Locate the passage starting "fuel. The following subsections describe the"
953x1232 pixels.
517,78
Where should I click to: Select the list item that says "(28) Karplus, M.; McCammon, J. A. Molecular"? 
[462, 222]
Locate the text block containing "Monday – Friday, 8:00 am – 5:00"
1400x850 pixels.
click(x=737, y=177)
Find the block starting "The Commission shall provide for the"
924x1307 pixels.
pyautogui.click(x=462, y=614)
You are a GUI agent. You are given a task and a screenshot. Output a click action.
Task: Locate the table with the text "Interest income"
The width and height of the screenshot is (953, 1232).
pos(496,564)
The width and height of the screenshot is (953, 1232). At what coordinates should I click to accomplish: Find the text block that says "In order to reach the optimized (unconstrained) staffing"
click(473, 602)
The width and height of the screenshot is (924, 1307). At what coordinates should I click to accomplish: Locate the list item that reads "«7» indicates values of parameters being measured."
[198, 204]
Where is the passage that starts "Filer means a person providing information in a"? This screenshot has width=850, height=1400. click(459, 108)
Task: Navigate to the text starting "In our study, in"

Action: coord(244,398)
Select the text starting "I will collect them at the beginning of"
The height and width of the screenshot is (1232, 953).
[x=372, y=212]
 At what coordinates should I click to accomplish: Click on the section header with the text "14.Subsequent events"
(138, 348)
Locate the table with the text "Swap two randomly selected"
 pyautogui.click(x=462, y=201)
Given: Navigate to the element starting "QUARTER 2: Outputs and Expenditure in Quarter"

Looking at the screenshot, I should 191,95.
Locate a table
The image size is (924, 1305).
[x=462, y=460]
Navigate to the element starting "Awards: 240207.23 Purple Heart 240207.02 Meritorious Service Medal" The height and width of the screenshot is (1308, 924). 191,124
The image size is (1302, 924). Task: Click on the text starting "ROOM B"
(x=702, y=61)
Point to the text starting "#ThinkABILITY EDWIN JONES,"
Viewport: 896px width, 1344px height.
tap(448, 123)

________

▶ [TASK REQUIREMENTS]:
Using the listing above, show every line that includes the string "passage".

▶ [WRITTEN RESPONSE]:
Locate the passage starting "fuel. The following subsections describe the"
Where is the passage that starts "Filer means a person providing information in a"? This screenshot has width=850, height=1400. click(459, 108)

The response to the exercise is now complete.